Extract number from a String (by using Regex, String replacer or cell splitter)

Hi,

I have a pretty easy problem, I just dont know how to right properly the Regex.

My column is the following:

 

I want to extract only the trial (x), actually only the numbers that are in trial in a separate column. that means...

?

?

18

2

5

11

 

I tried regex split or string manipulation (remove chars), or string replacer or cell splitter, but I dont get it right.

Would you please help!

 

Hi,

Often it's easier not to perform the "Unique concatenate with count" in the first place, but to GroupBy instead (by hal_type in this case), and to count some other field. Then filter where hal_type = trial and you're there.

Regex only if the source data give you no other option!

Cheers
E

Hi Ergonomist. thank you for replying. but it is not the right solution.

Maybe, Ididnt explain it right.

I want to average the trials that are included only in ownership. so the new column should be like:

?

?

18

2

5

11

 

and then average 18, 2, 5, 11.  Not any other of the standalone trials.

Thats why I think the method you propose is not working. 

I am 100% sure this can happen with the Regex node.

I would be great someone to tell me how to split it as it look below:

Split1                Split2       Split3       Split4

Ownership        128              trial              18

Hi,

Indeed I missed out on the combinatory condition, sorry! I would use the Pivot node then, with Group column(s) identical to the GroupBy node, hal_type as Pivot column and Counts on another avaialble field as per my original proposal. You can filter the result for non-missing ownership, drop all columns but the trial one, and join the final result back into the original table or GroupBy result if so required.

Or maybe the pivot format is already convenient - it's not quite what you define as "great format" above yet, but you can get it there with some additional KNIME magic. :-)

Cheers
E

Many thanks Ergonomist.

I did what you mentioned with the pivot node, it works partially, I can get the ownership and trial pivoted by the purchase. Although, I am getting the message "skipped groups: "ownership, trial" because "group contains too many unique values

Therefore, I think the Regex would work ideally for me in this case.

If anybody knows how to write the Regex in order to do the following split please let me know.

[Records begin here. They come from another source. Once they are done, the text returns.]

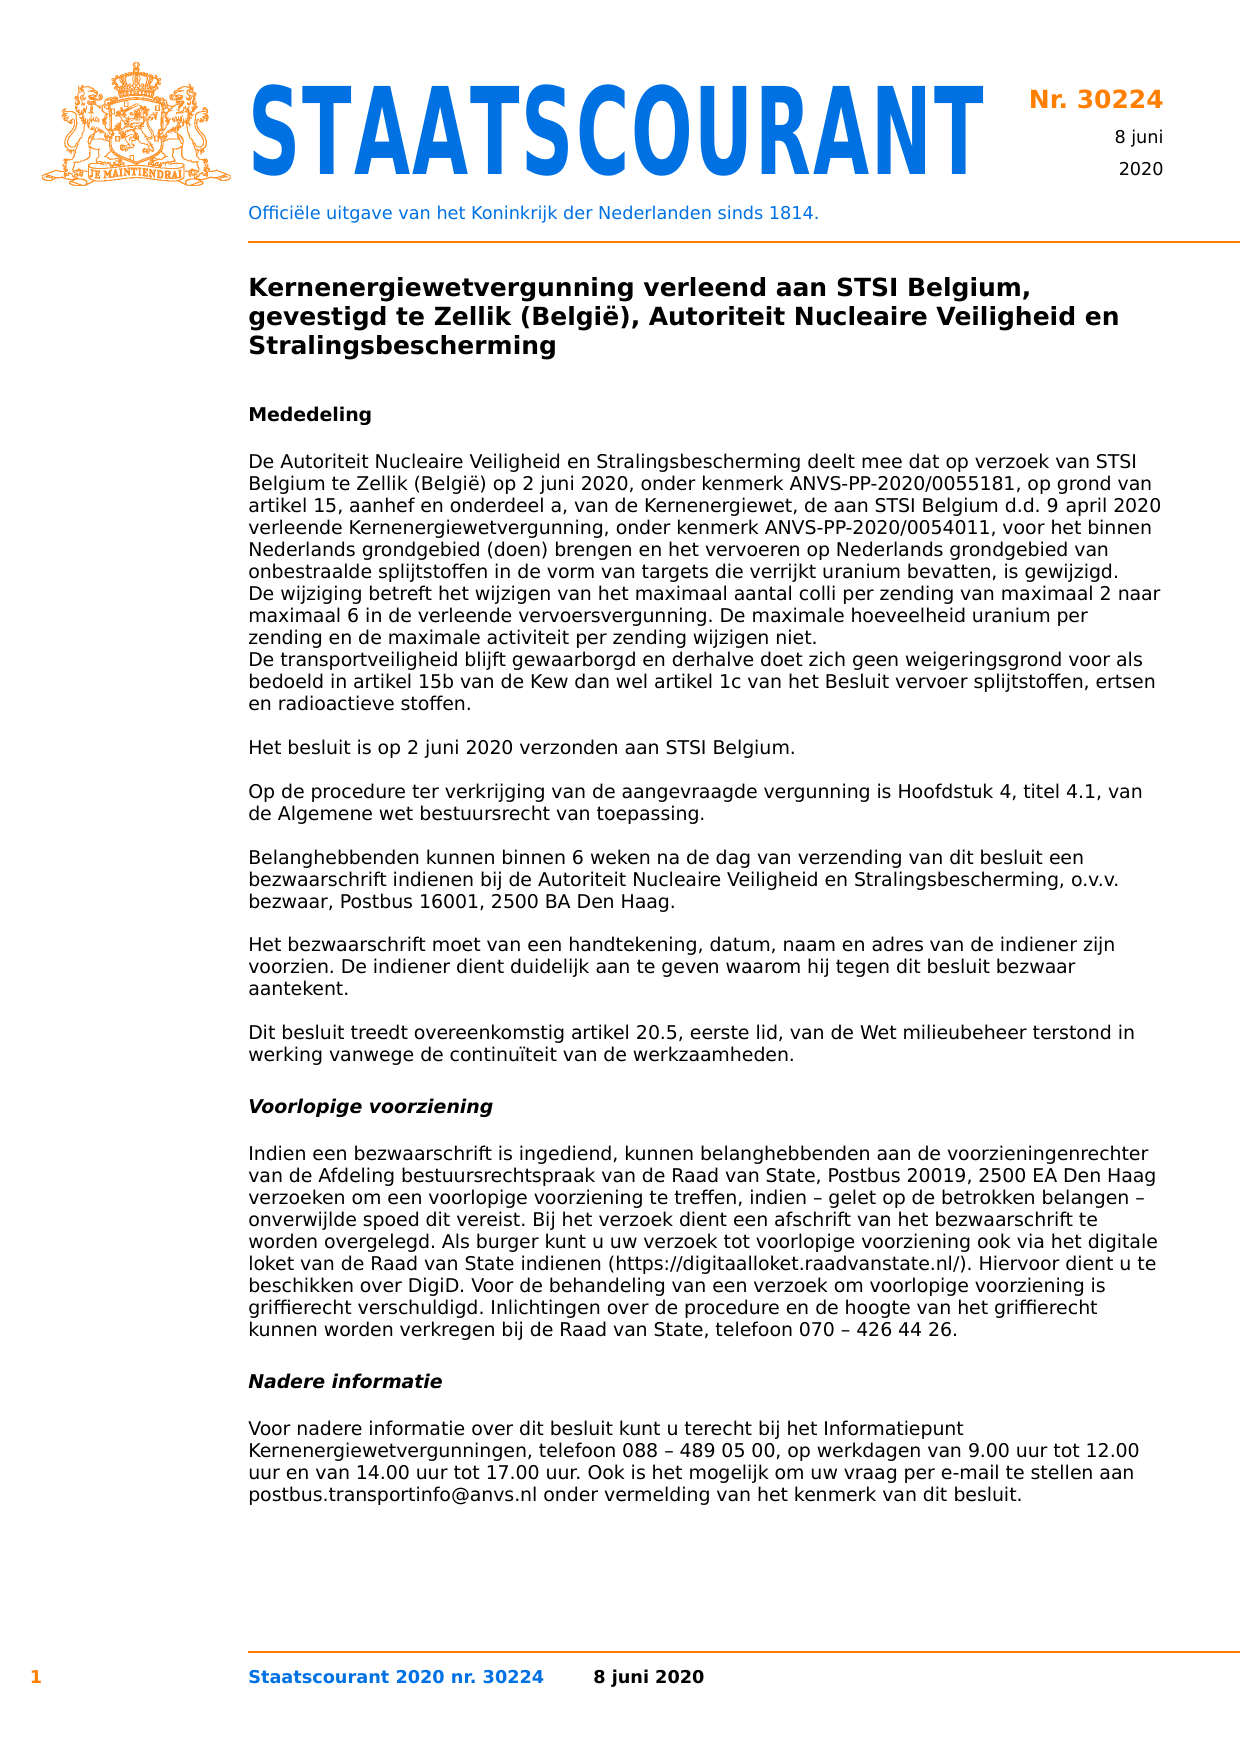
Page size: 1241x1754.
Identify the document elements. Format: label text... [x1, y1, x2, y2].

table_cell Officiële uitgave van het Koninkrijk der Nederlanden sinds 1814. [248, 203, 1240, 241]
text Op de procedure ter verkrijging van de aangevraagde vergunning is Hoofdstuk 4, titel 4.1, van de Algemene wet bestuursrecht van toepassing. [248, 781, 1163, 825]
table_header [25, 62, 248, 241]
text De Autoriteit Nucleaire Veiligheid en Stralingsbescherming deelt mee dat op verzoek van STSI Belgium te Zellik (België) op 2 juni 2020, onder kenmerk ANVS-PP-2020/0055181, op grond van artikel 15, aanhef en onderdeel a, van de Kernenergiewet, de aan STSI Belgium d.d. 9 april 2020 verleende Kernenergiewetvergunning, onder kenmerk ANVS-PP-2020/0054011, voor het binnen Nederlands grondgebied (doen) brengen en het vervoeren op Nederlands grondgebied van onbestraalde splijtstoffen in de vorm van targets die verrijkt uranium bevatten, is gewijzigd. [248, 451, 1163, 583]
text Belanghebbenden kunnen binnen 6 weken na de dag van verzending van dit besluit een bezwaarschrift indienen bij de Autoriteit Nucleaire Veiligheid en Stralingsbescherming, o.v.v. bezwaar, Postbus 16001, 2500 BA Den Haag. [248, 847, 1163, 912]
subtitle Kernenergiewetvergunning verleend aan STSI Belgium, gevestigd te Zellik (België), Autoriteit Nucleaire Veiligheid en Stralingsbescherming [248, 273, 1163, 361]
text Indien een bezwaarschrift is ingediend, kunnen belanghebbenden aan de voorzieningenrechter van de Afdeling bestuursrechtspraak van de Raad van State, Postbus 20019, 2500 EA Den Haag verzoeken om een voorlopige voorziening te treffen, indien – gelet op de betrokken belangen – onverwijlde spoed dit vereist. Bij het verzoek dient een afschrift van het bezwaarschrift te worden overgelegd. Als burger kunt u uw verzoek tot voorlopige voorziening ook via het digitale loket van de Raad van State indienen (https://digitaalloket.raadvanstate.nl/). Hiervoor dient u te beschikken over DigiD. Voor de behandeling van een verzoek om voorlopige voorziening is griffierecht verschuldigd. Inlichtingen over de procedure en de hoogte van het griffierecht kunnen worden verkregen bij de Raad van State, telefoon 070 – 426 44 26. [248, 1143, 1163, 1341]
text Dit besluit treedt overeenkomstig artikel 20.5, eerste lid, van de Wet milieubeheer terstond in werking vanwege de continuïteit van de werkzaamheden. [248, 1022, 1163, 1066]
table_cell 2020 [998, 153, 1240, 203]
table_header Nr. 30224 [998, 62, 1240, 121]
table_cell 8 juni [998, 121, 1240, 153]
subtitle Mededeling [248, 404, 1163, 426]
text Voor nadere informatie over dit besluit kunt u terecht bij het Informatiepunt Kernenergiewetvergunningen, telefoon 088 – 489 05 00, op werkdagen van 9.00 uur tot 12.00 uur en van 14.00 uur tot 17.00 uur. Ook is het mogelijk om uw vraag per e-mail te stellen aan postbus.transportinfo@anvs.nl onder vermelding van het kenmerk van dit besluit. [248, 1418, 1163, 1506]
table_header STAATSCOURANT [248, 62, 998, 203]
subtitle Voorlopige voorziening [248, 1096, 1163, 1118]
text Het bezwaarschrift moet van een handtekening, datum, naam en adres van de indiener zijn voorzien. De indiener dient duidelijk aan te geven waarom hij tegen dit besluit bezwaar aantekent. [248, 934, 1163, 1000]
picture [41, 62, 231, 186]
subtitle Nadere informatie [248, 1371, 1163, 1393]
text De transportveiligheid blijft gewaarborgd en derhalve doet zich geen weigeringsgrond voor als bedoeld in artikel 15b van de Kew dan wel artikel 1c van het Besluit vervoer splijtstoffen, ertsen en radioactieve stoffen. [248, 649, 1163, 715]
text De wijziging betreft het wijzigen van het maximaal aantal colli per zending van maximaal 2 naar maximaal 6 in de verleende vervoersvergunning. De maximale hoeveelheid uranium per zending en de maximale activiteit per zending wijzigen niet. [248, 583, 1163, 649]
text Het besluit is op 2 juni 2020 verzonden aan STSI Belgium. [248, 737, 1163, 759]

Split1                Split2       Split3       Split4

Ownership        128              trial              18

 

The difficulty in this problem is that ownership or trial are not having standard position. Sometimes one is first, sometimes the other second etc. see below:

 

I wrote on Regex this: .*?(\d{1,}).* and it gives me only the number that comes first. How can I standardise it give me only the number that is in brackets of ownership?

SOLVED

I manage to solve it in an extreme long way. So, what I did is:

1) two "cell split" nodes, enter a delimiter: ownership, enter a delimiter: trial

2) I ended up with 4 columns as seen below.

 

the 3nd column is all my ownership ...so need to be cleaned. I took a "string manipulation" and run  remove chars for ) , (

my 1st and 4th column is the trial separated. I run string manipulation and removechars ) , ( trial

3) run a column combiner node for 1st and 4th column

4) removechars ","),"?") egain for the new combined column

5)Transformed to integer with string manipulation toInt($my new column$)

and Voila! it is solved.

If someone has a faster easier way, with Regex please let me know.

 

Good job! :)

If you were ever to further pursue the "Pivot" approach, you could define the "maximum unique values per group" at the bottom of the pivot node config screen. No promises about what's more efficient and/or elegant at the end of the day though, that may well depend on tastes, datasets and evolving needs over time.

-E

All,

 

I ran into a similar problem with the Groupby node using "Unique concatinate with count". It appears that the concatinate part generates a list in an order according to the first encountered element. In this particular example "trail" and "ownership" must have appeared in different orders for the unique groups. To fix this, I put in a "Sorter" node. Now the data come always in the same sequence [ie: trial(100), ownership(50)]. If you follow this with the column splitter using "ownership(" as the delimiter, then you get two columns:  [trail(100),] and [50)]. Follow this up with a few string manipulation nodes to remove the unwanted text and you're done.